Amyotrophic lateral sclerosis (ALS) is due to neurodegeneration of upper and lower motor neurons, leading to muscle atrophy, paralysis and death. However, there is growing evidence that interneurons involved in the gain regulation of spinal motoneuron (lower motor neurons) and in sensorimotor integration may participate in the pathogenesis of ALS. While sensory afferents in the peripheral nerve are traditionally thought to be unaffected at the beginning of the disease, diffusion MRI has revealed degeneration and demyelination of the posterior columns in the spinal cord of patients recently diagnosed with ALS, and there are sporadic reports of sensory involvement. Early alteration of the sensorimotor integration could participate to the degeneration of motor neurons and interneurons. The goal of the project is to further investigate sensorimotor integration at spinal level in human patients recently diagnosed with ALS, and to study whether an interneuron pathology could participate in ALS pathogenesis.

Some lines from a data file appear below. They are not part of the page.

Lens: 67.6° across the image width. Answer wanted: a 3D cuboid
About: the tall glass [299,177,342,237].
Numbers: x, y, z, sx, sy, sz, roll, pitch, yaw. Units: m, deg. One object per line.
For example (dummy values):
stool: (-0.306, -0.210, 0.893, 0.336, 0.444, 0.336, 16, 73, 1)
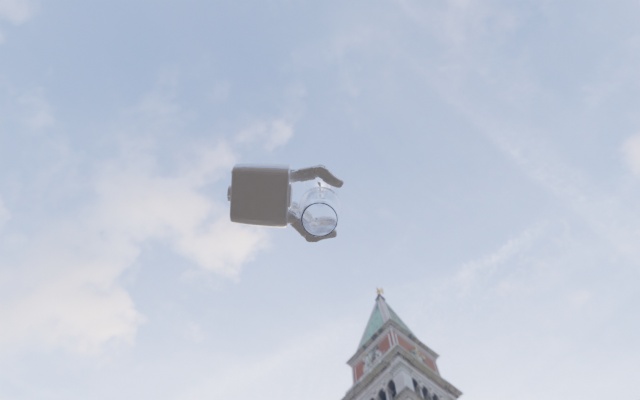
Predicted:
tall glass: (0.000, 0.003, 0.895, 0.079, 0.079, 0.201, 0, 17, 1)
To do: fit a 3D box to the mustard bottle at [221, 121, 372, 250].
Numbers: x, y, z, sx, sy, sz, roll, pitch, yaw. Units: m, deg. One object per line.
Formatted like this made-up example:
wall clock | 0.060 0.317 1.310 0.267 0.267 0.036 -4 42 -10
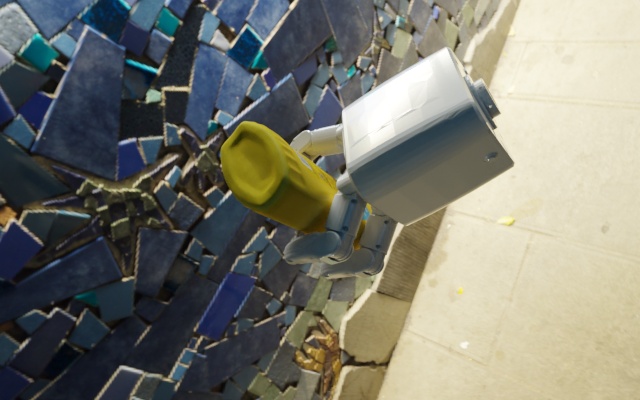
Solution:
mustard bottle | 0.000 0.002 0.441 0.192 0.058 0.096 30 15 -48

Our project has first an interest for the fundamental research aiming at increasing basic knowledge of pathophysiology of ALS, and specifically on the functional effects of the underlying neurodegenerative mechanisms. By testing the excitability of spinal interneurons in patients recently diagnosed, and by doing so for clinically uninvolved muscles, we will be able to evaluate whether an interneuron pathology could be involved in ALS. Our results will help to understand better the chain reactions in the neurodegenerative processes that dramatically evolve until the death of all motor neurons. Our project has also an interest for the development of therapeutic approaches for ALS. Indeed, our methods will help to determine specific electrophysiological biomarkers that will help to evaluate quantitatively spinal and corticospinal neural processes: their changes during the course of the disease (follow-up study), the effect of therapeutic agents and/or rehabilitation methods on their excitability, and their repercussions on motor neuron activity (evaluation of therapeutics). Lastly, our methods could be tested in other neuromuscular diseases to determine possible differences in spinal neural activity. Indeed, the motor dysfunction common to several neuromuscular diseases can make it difficult to make a definitive diagnosis. The development of specific biomarkers is crucial for an early diagnosis, and to evaluate the best treatment for the patients as rapidly as possible.

Study Overview

Status

Completed

Conditions

Intervention / Treatment

Detailed Description

Given the all-or-none properties of neuromuscular junctions, the electromyogram (EMG) reflects the activity of spinal motoneurons. These neurons are the last order neurons in all neural pathways involved in motor control. Modification of the afferent neural activity, whatever its level (spinal or supraspinal), will affect the excitability of spinal motoneurons and thus EMG activity. Combined with electrical and/or magnetic stimulation of peripheral nerve and/or cortical structures, it is possible to test indirectly the excitability of corticospinal and spinal reflex pathways involved in human motor control. One of the novelties is that we will investigate the interneurons that are activated by motor axons or afferents inputs from affected muscles (distal musculature: hand/wrist or foot/ankle muscles), which control clinically unaffected muscles (proximal musculature: elbow or knee muscles). This has a threefold interest i) functional exploration of clinically unaffected muscles that are never evaluated in ALS patients, ii) to better interpret the EMG signal and to better elucidate the pathophysiological mechanisms underlying the change in EMG activity, and iii) to determine if interneuron pathology manifests before detectable change in the motoneuron. The conditioned EMG and threshold tracking methods will be used to evaluate the excitability of spinal interneurons in ALS patients, as compared to sex and age-matched healthy subjects.

Study Type

Interventional

Enrollment (Actual)

101

Phase

  • Not Applicable

Contacts and Locations

This section provides the contact details for those conducting the study, and information on where this study is being conducted.

Study Locations

  • France
      • Paris, France, 75013
        • Hopital Pitie Salpetriere

Participation Criteria

Researchers look for people who fit a certain description, called eligibility criteria. Some examples of these criteria are a person's general health condition or prior treatments.

Eligibility Criteria

Ages Eligible for Study

30 years to 80 years (Adult, Older Adult)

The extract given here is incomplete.